Step 1. Generate output distributions

Forward Pass 1:
\(\text{model(}\)[the, curious, cat, explored] \()\) -> {the: 45%, a: 25%, with: 10%, ...}*
* In this notation, we indicate that model is generating a probability that a given word will be the next word in this sentence. That is, the model believes there is a 45% chance that the next word will be "the", a 25% chance the next word will be "a", and so on.

Forward Pass 2:
\(\text{model(}\)[curious, cat, explored, the] \()\) -> {mysterious: 20%, dark: 15%, colorful: 10%, ...}

Forward Pass 3:
\(\text{model(}\)[cat, explored, the, mysterious] \()\) -> {overgrown: 70%, and: 12%, underground: 2%, ...}

Forward Pass 4:
\(\text{model(}\)[explored, the, mysterious, overgrown] \()\) -> {jungle: 60%, cave: 30%,garden: 5%, ...}

Step 2. Calculate Perplexity

Our total log likelihood is:

\[ log(0.45) + log(0.2) + log(0.7) + log(0.05) \approx -2.502 \]

Thus, our perplexity is given by:

\[ \begin{align*} \text{Perplexity} &\approx \exp{( \frac{2.502}{4} )} \\ &\approx 1.869 \end{align*} \]

Note that in reality, the assigned output probabilities may be much lower due to models having extremely large vocabularies. So, a perplexity of 1.869 may not be realistic and representative of an actual language model.

Limitations and Biases#

While perplexity is a valuable metric for comparing and fine-tuning language models, it has its limitations and should always be used in conjunction with other evaluation metrics and methods.

  1. Perplexity is sensitive to the size and diversity of datasets. Since each dataset has its own distribution of words and semantic nuances, a model that achieves low perplexity on one dataset may underperform on another.
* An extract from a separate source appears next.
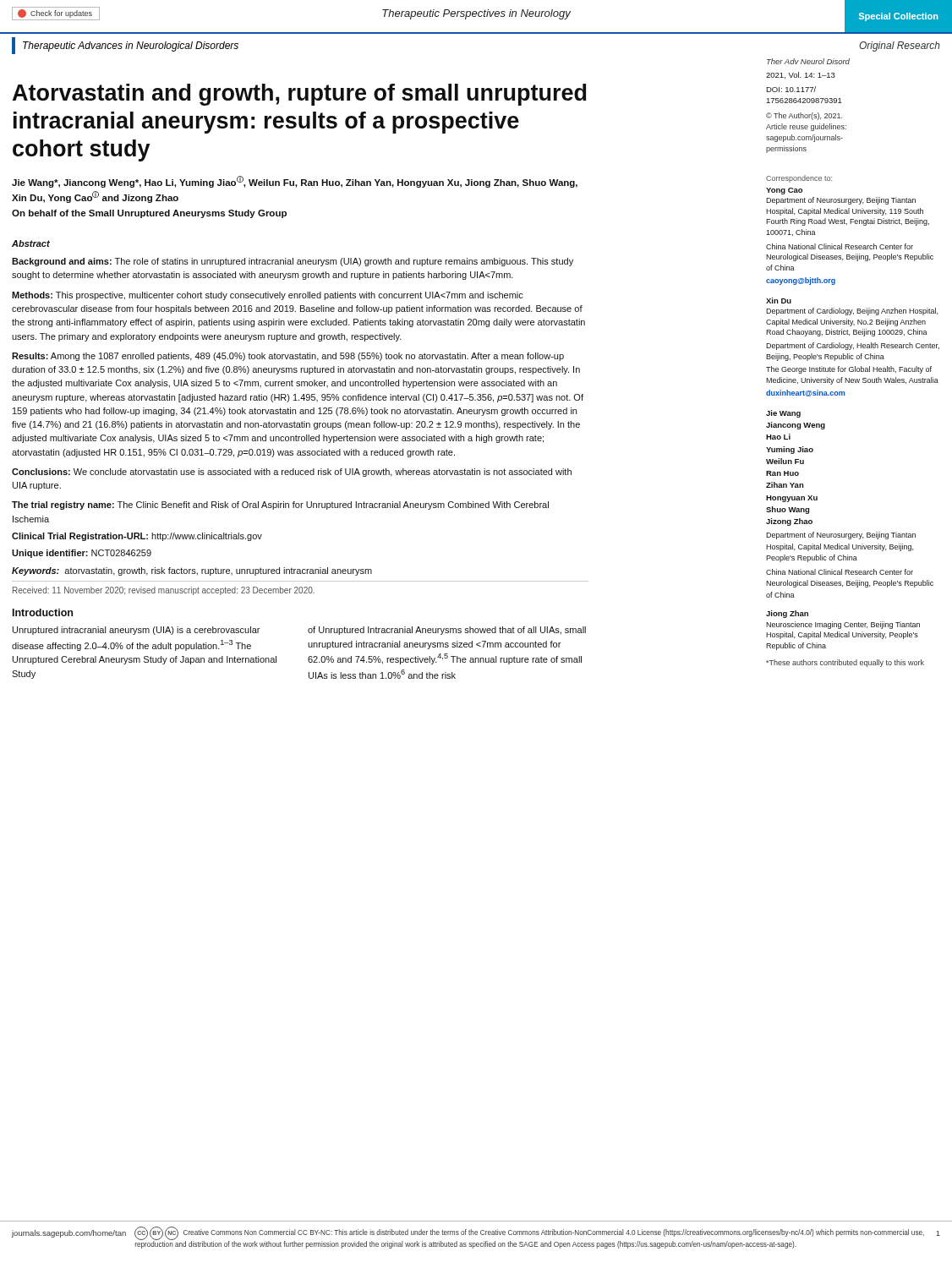Locate the title
Image resolution: width=952 pixels, height=1268 pixels.
coord(300,121)
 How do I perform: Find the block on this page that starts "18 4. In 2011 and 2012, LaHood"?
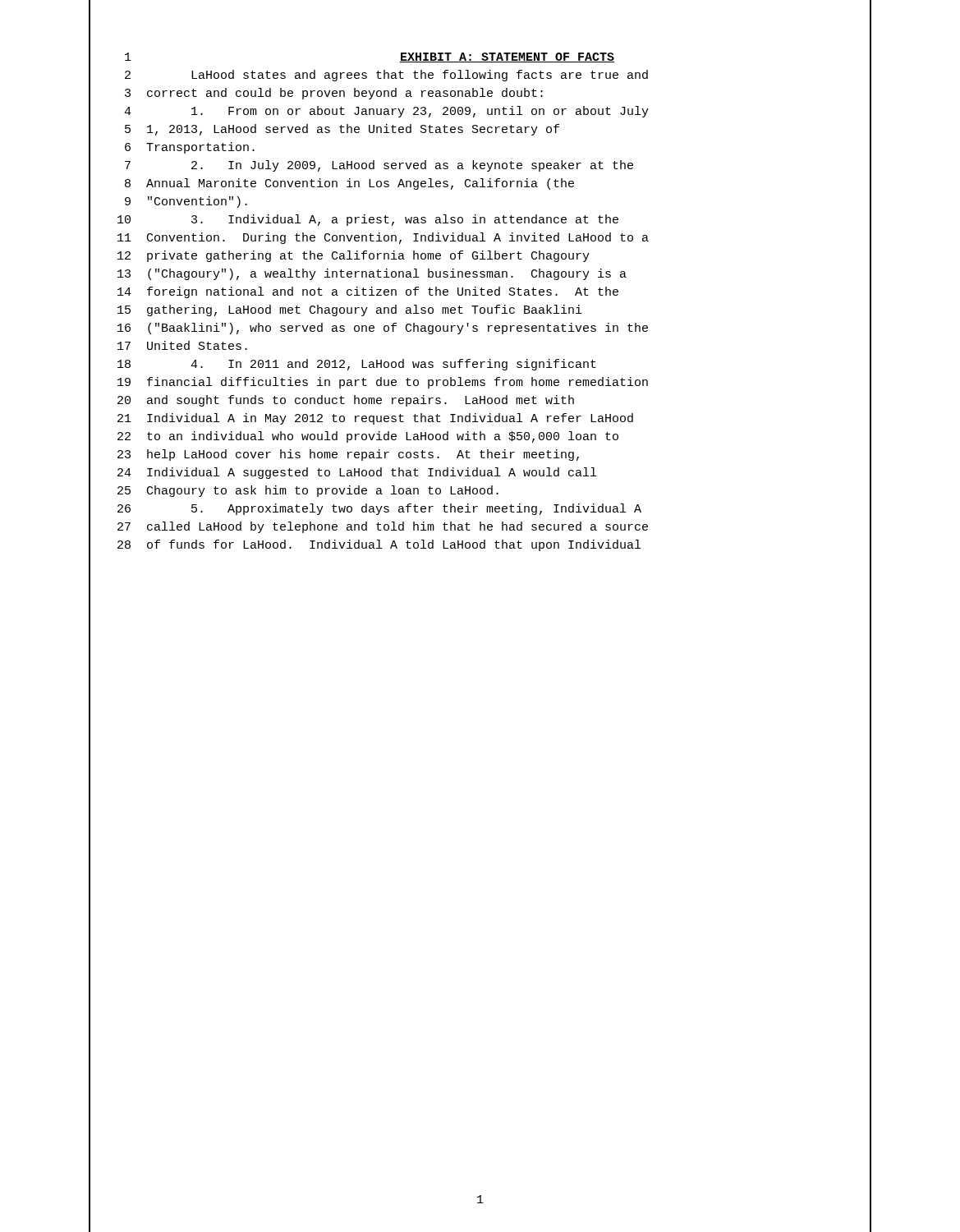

Thus, it is important to gauge perplexity on a diverse dataset with different types of texts.
  2. Perplexity is hard to absolutely interpret. Unlike metrics such as BLEU or BERTScore, Perplexity only provides a measure of "confidence" rather than a measure of semantic or textual similarity. While a model with lower perplexity is desirable, it does not provide a lot of information into the semantic quality of the generated texts.
  3. Perplexity does not capture the diversity of language usage (i.e. emotions and expressions). In many workflows such as text generation, language diversity is an important quality. A model with low perplexity may still generate repetitive or uninteresting text, which isn't necessarily desirable.

Limitations aside, perplexity still remains a widely used and valuable metric for many applications in natural language processing. It is a crucial metric to have in most NLP workflows, and provides a different perspective into the quality of your language model compared to textual-similarity metrics.